Within two weeks of the move, on March 29 of that year, prisoners rioted, setting fires inside their housing units. The prisoners were upset over a lack of commissary privileges, and a perceived low quality of television service, so they obscured a surveillance camera with a blanket and set fire to mattresses. The fire inflicted $500,000 worth of property damage. Of 174 prisoners involved, 12 were hospitalized. $1.5 million was spent to care for the injured prisoners. Ten Mexican citizens and one Costa Rican citizen received charges of damaging federal government property and conspiracy. The civilian prisoners were transferred to civilian facilities. During that year the secretary of the Navy said that Miramar will never again be used to house illegal immigrants, the civilian population sent to Miramar. Randy "Duke" Cunningham, a member of the United States House of Representatives who had opposed the housing of illegal immigrants in the facility, said that the move was a "victory for San Diegans" because putting illegal immigrants in the brig placed national security in danger. Illegal immigrants who would have been sent to Miramar instead were sent to jails in Imperial County, California; Kern County, California; and Arizona. As a result, the parties that handled the transportation received millions of dollars in transportation revenue.

In 2003, it became the only American military prison to accept women.

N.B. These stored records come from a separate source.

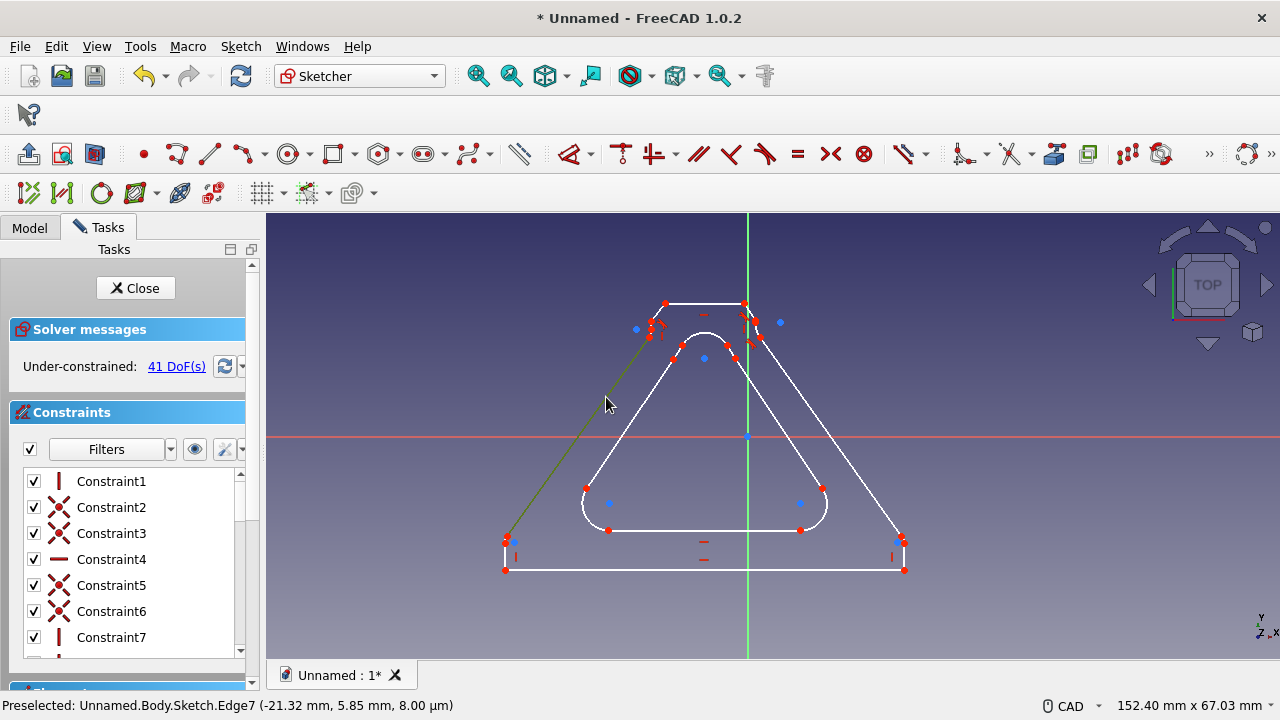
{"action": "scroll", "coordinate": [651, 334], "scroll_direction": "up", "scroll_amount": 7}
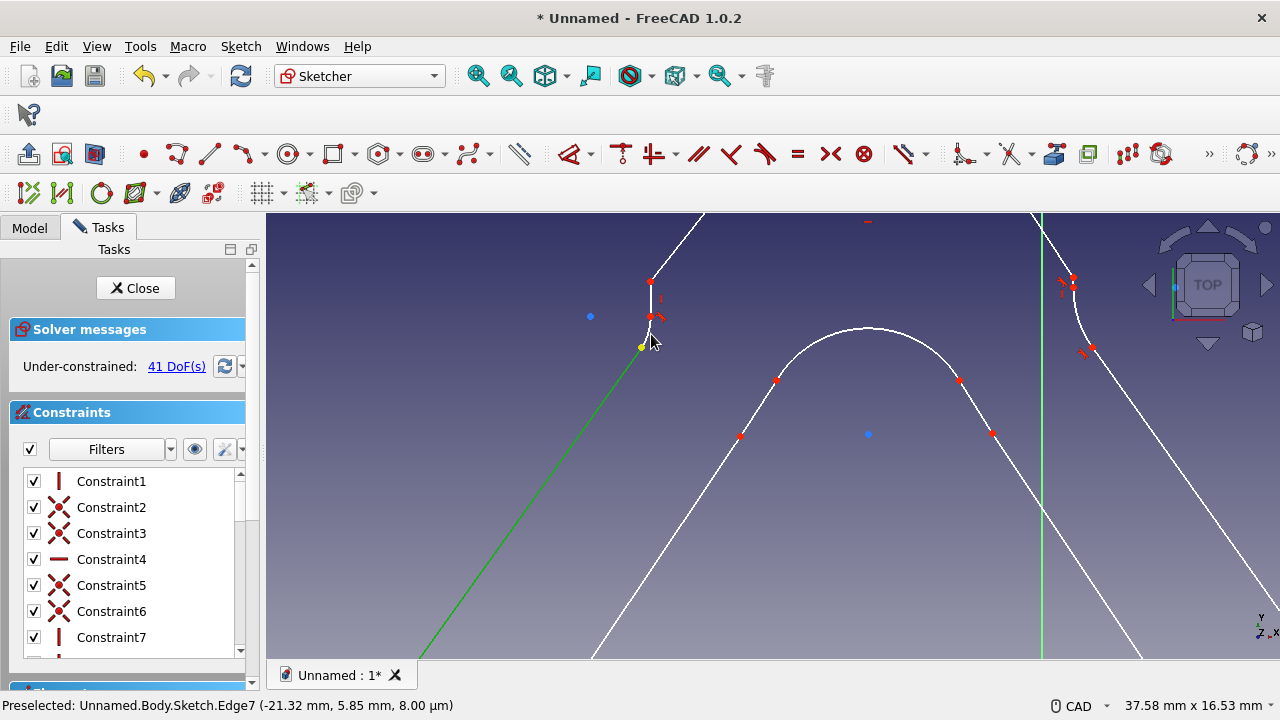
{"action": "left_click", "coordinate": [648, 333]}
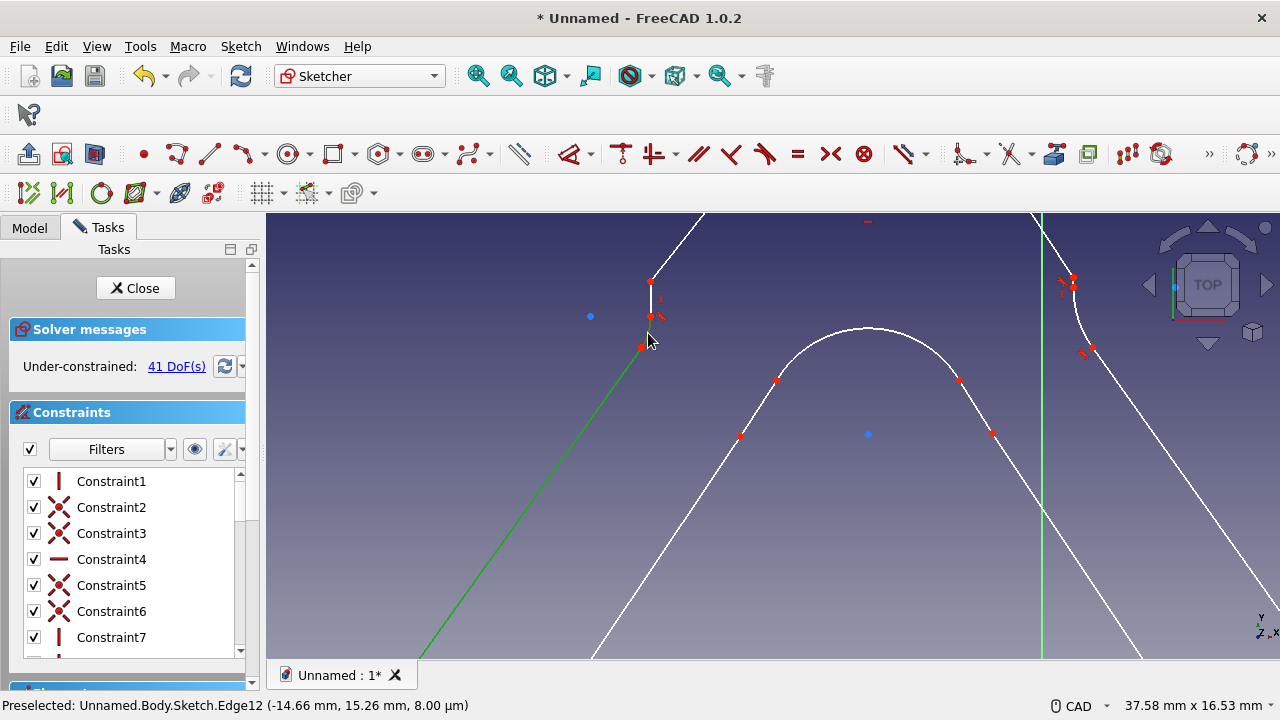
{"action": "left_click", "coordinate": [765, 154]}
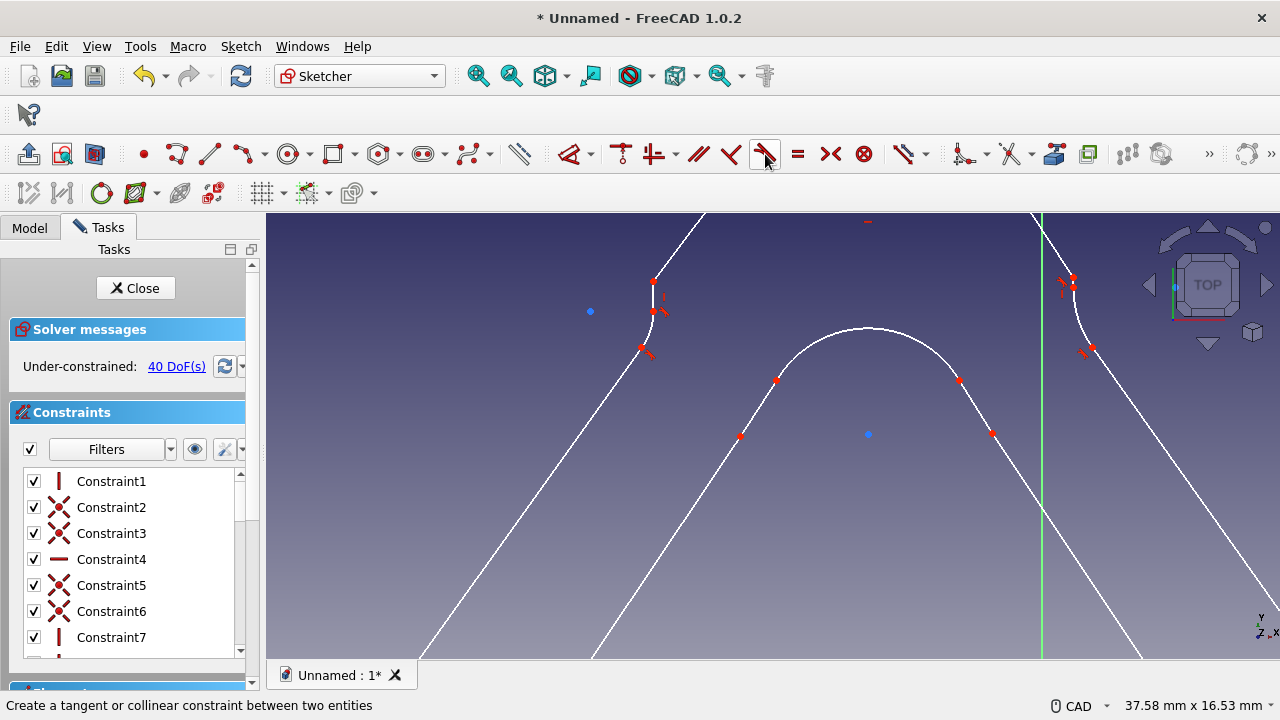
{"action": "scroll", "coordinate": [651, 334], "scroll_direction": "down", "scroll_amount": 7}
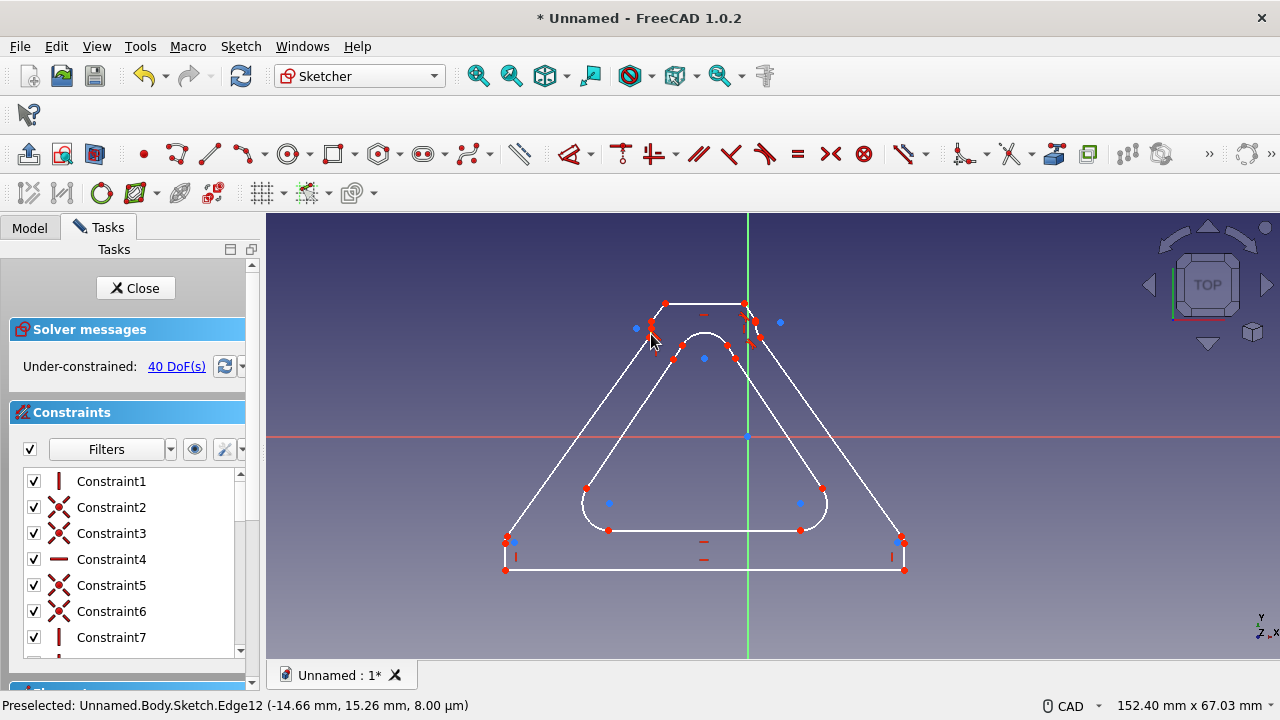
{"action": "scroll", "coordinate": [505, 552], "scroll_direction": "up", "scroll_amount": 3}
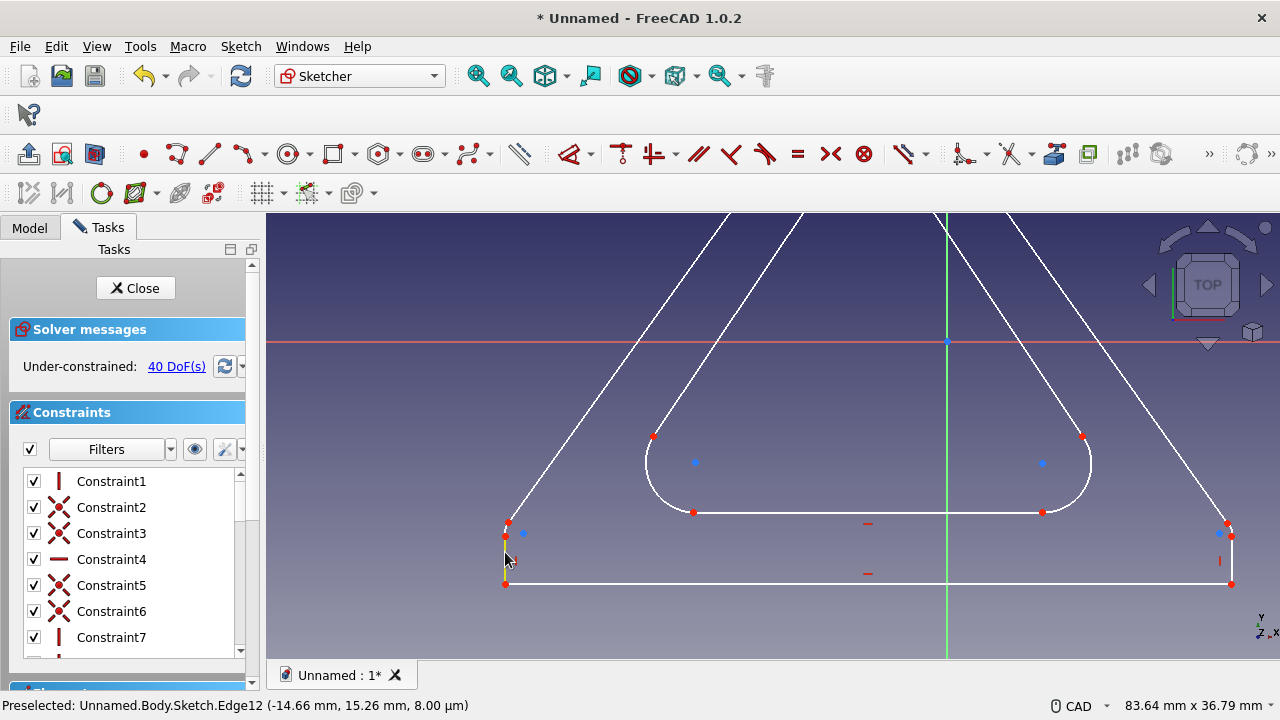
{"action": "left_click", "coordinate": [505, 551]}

In 2010, the facility was expanded 98000 sqft to accommodate an additional 200 prisoners before February 2011. The expansion, designed by Clark Construction and KMD Architects, included 120 cells for men and 80 cells for women. The women's housing unit was designed differently from the men's unit. The expansion also included a prisoner processing center, a kitchen, a mess hall and multipurpose room, a visitor center, an entrance lobby, classrooms, and conference rooms. A separate vocational building was established. The total expansion had a cost of $28 million. On February 4, 2011, a celebration for the expansion was held with a ribbon-cutting ceremony.

==Notable inmates==
- Lynndie England and Sabrina Harman, perpetrators of the Abu Ghraib torture and prisoner abuse
- Eddie Gallagher, former U.S. Navy SEAL, was detained at Miramar during his lengthy pre-trial confinement before his court-martial for possible Law of Armed Conflict (LOAC) violations committed while a chief petty officer. He was later found not guilty of the most serious charges, and was only convicted of mistreatment of corpses, when he and other SEALs posed for pictures with a recently deceased ISIL member.
- Robin Long, the first member of the U.S. military to be deported from Canada (since the Vietnam War) after having deserted there.